Municipal bonds are a great way for investors to grab some tax-advantaged income, they'll just have to be nimble, according to BlackRock. The income earned on muni bonds are free of federal taxes, so the assets are typically favored by wealthy investors. In addition, if the investor resides in the state where the bond is issued, they may also avoid state taxes.
Taxable equivalent yields on munis, which is what the pretax yield a taxable bond would have to generate to match that of a tax-free muni bond, reach over 6%, explained Sean Carney, head of municipal strategy at BlackRock and chief investment officer of the firm's municipal bond funds. "Municipal bonds offer investors high after-tax income with less volatility compared to other fixed income assets and remain a good diversifier to equity and equity-like risk," Carney said.
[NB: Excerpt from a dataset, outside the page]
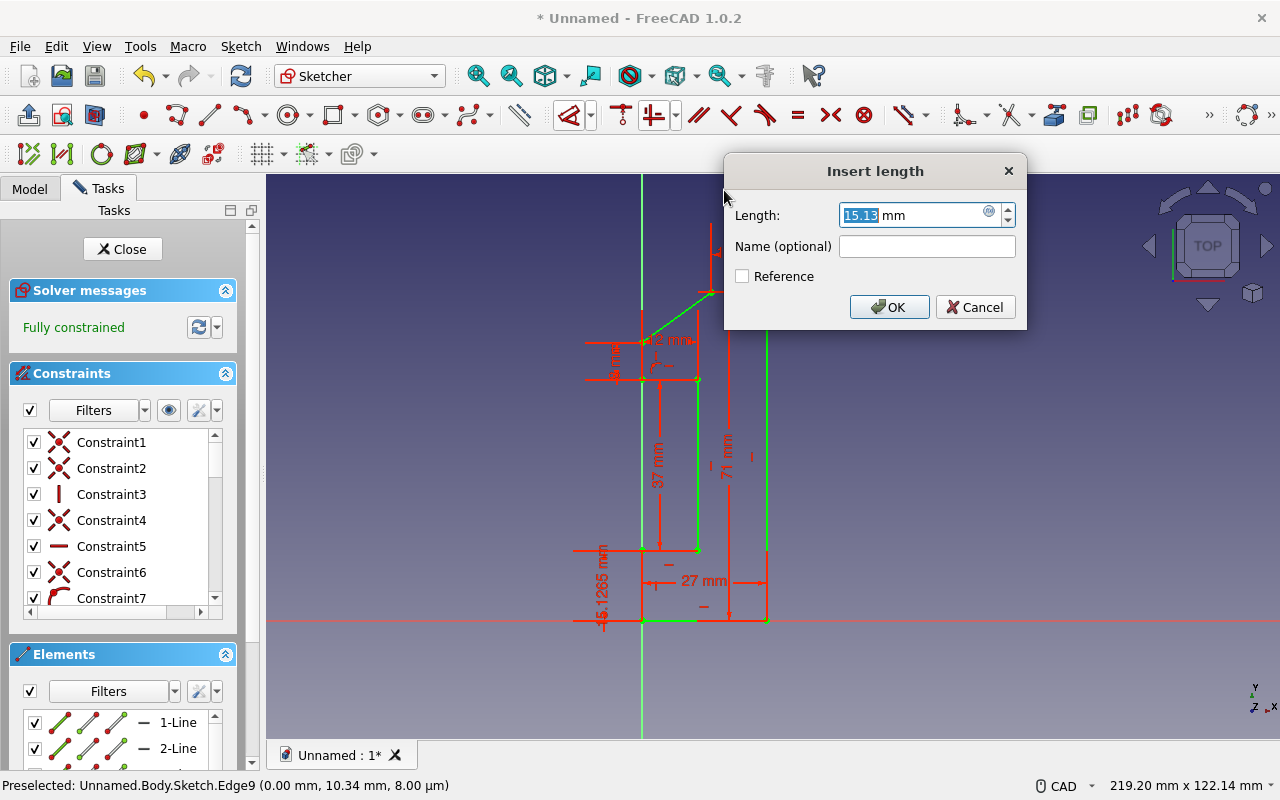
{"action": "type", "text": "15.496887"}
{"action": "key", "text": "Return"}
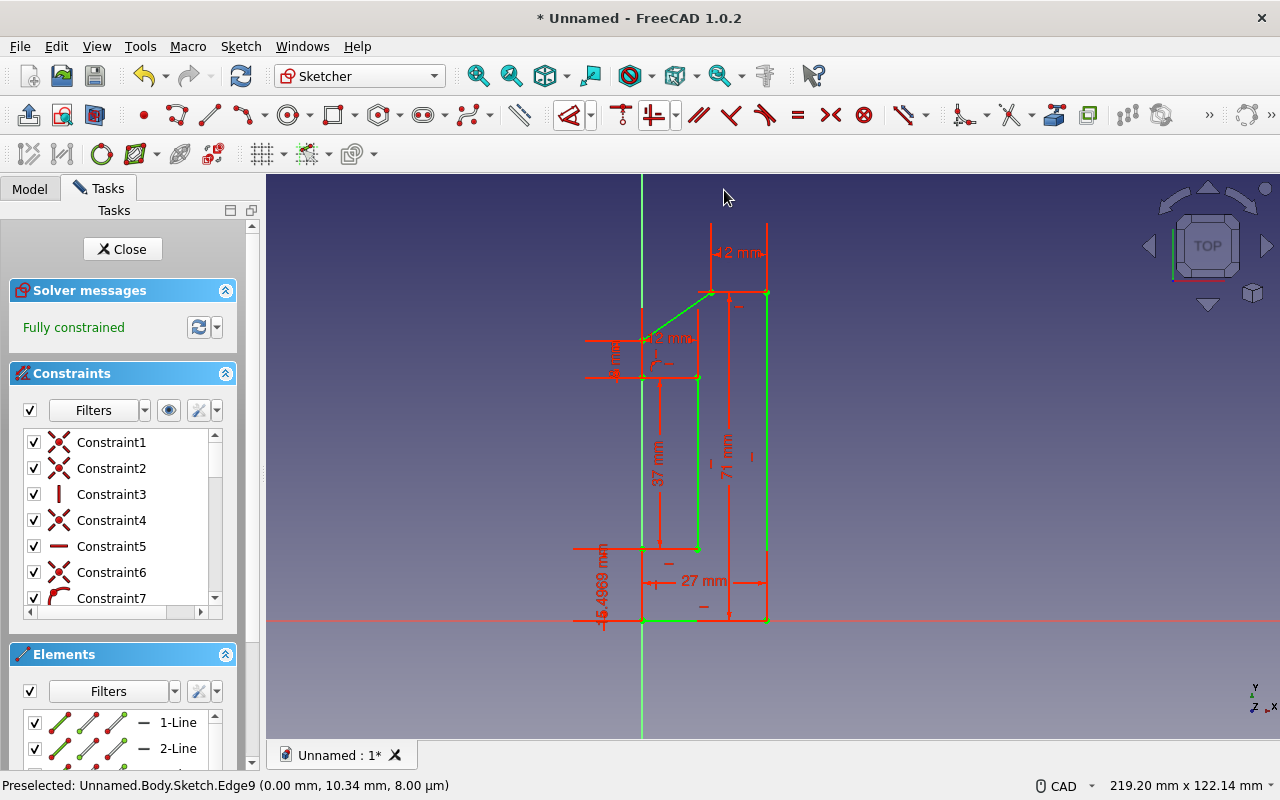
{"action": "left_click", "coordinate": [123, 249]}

In a May note, BlackRock said value was being restored to the sector after the market had gotten ahead of itself in late 2023.
In June, munis started to tick back up, with the the S & P Municipal Bond Index seeing a total return of 1.8% month to date, bringing the total return to 0.37% year to date.
Issuance has also remained robust, the firm said. "There are opportunities," Carney said. "You just need to be more nimble.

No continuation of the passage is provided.